# Zoomies After Aggression from Other Dogs?



## jackie_hubert (Jun 2, 2010)

So Cosmo does this weird thing. He always gets the zoomies about 30 seconds after another dogs tries to attack him or shows aggression towards him. Is this some sort of coping mechanism or is it because of adrenaline? He looks happy but I feel like maybe he's in distress and doesn't know how to express it. I always try to be extra perky when another dog is aggressive towards him. But he doesn't usually get the zoomies just because I'm being extra perky.


----------



## RedDogs (Jan 30, 2010)

You sound like you're interpreting it well, it's likely a response to stress and his way of trying to diffuse things.
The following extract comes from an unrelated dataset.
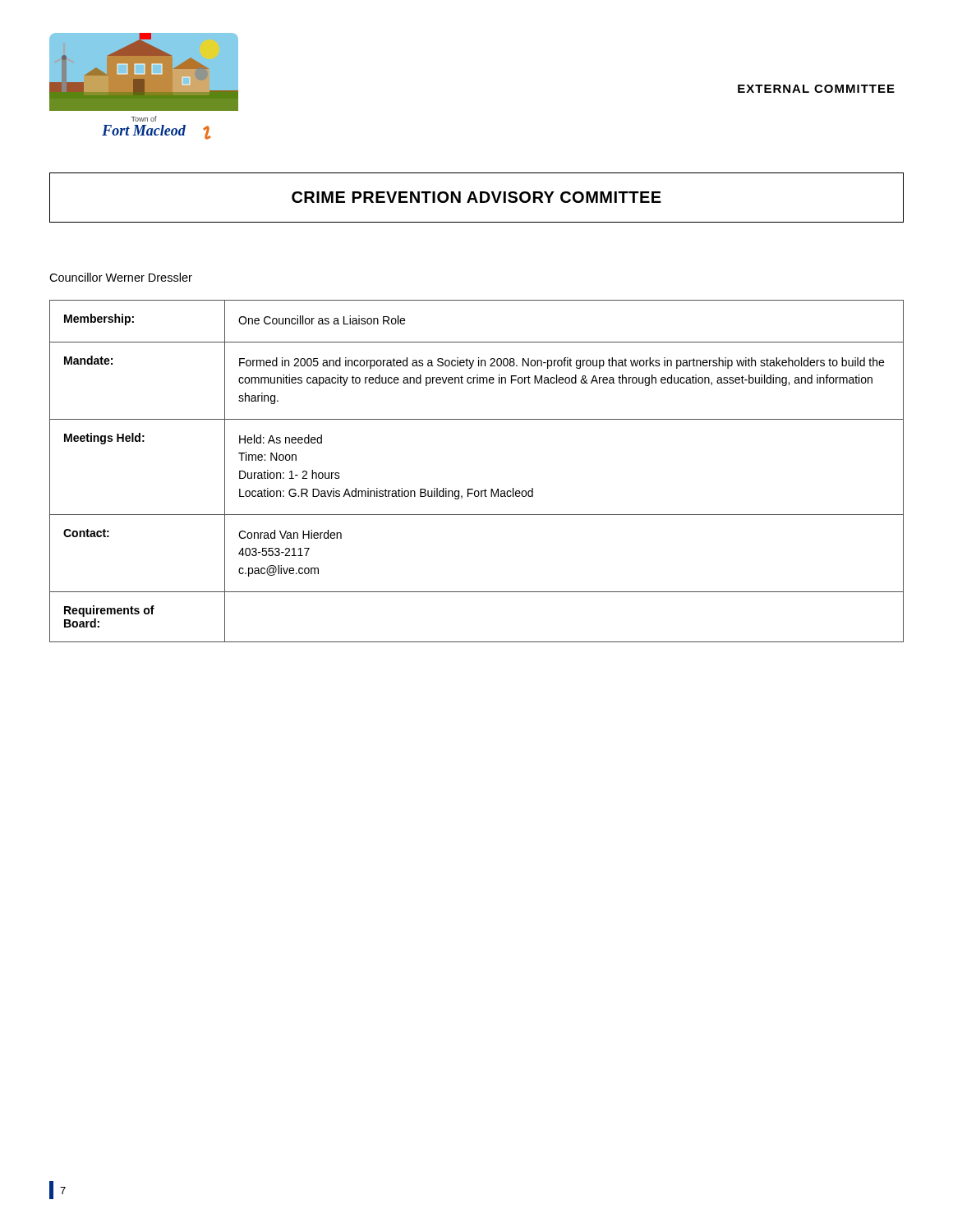
Task: Click on the table containing "Held: As needed Time:"
Action: coord(476,471)

Some dogs just do minor things like a shake off, but zooming is not unheard of either.

Great observation!


----------



## jackie_hubert (Jun 2, 2010)

Is it a healthy reaction? I assume so. 

Should I let him have his zoomies? Yesterday he was attacked by a loose shepherd protecting his property. We quickly turned around and walked away. It was one of the scariest things I've experienced. He prompty got the zoomies but because we were on a narrow sidewalk on a busy street I had to pretty much throw myself on top of him to get him to stop because he was going into the road. At 70lbs it's hard to control him when he really gets the zoomies. I felt bad that I made him stop by being so harsh but it was for his own safety. The same thing happened a little later when a dog across the street was being aggressive towards him. 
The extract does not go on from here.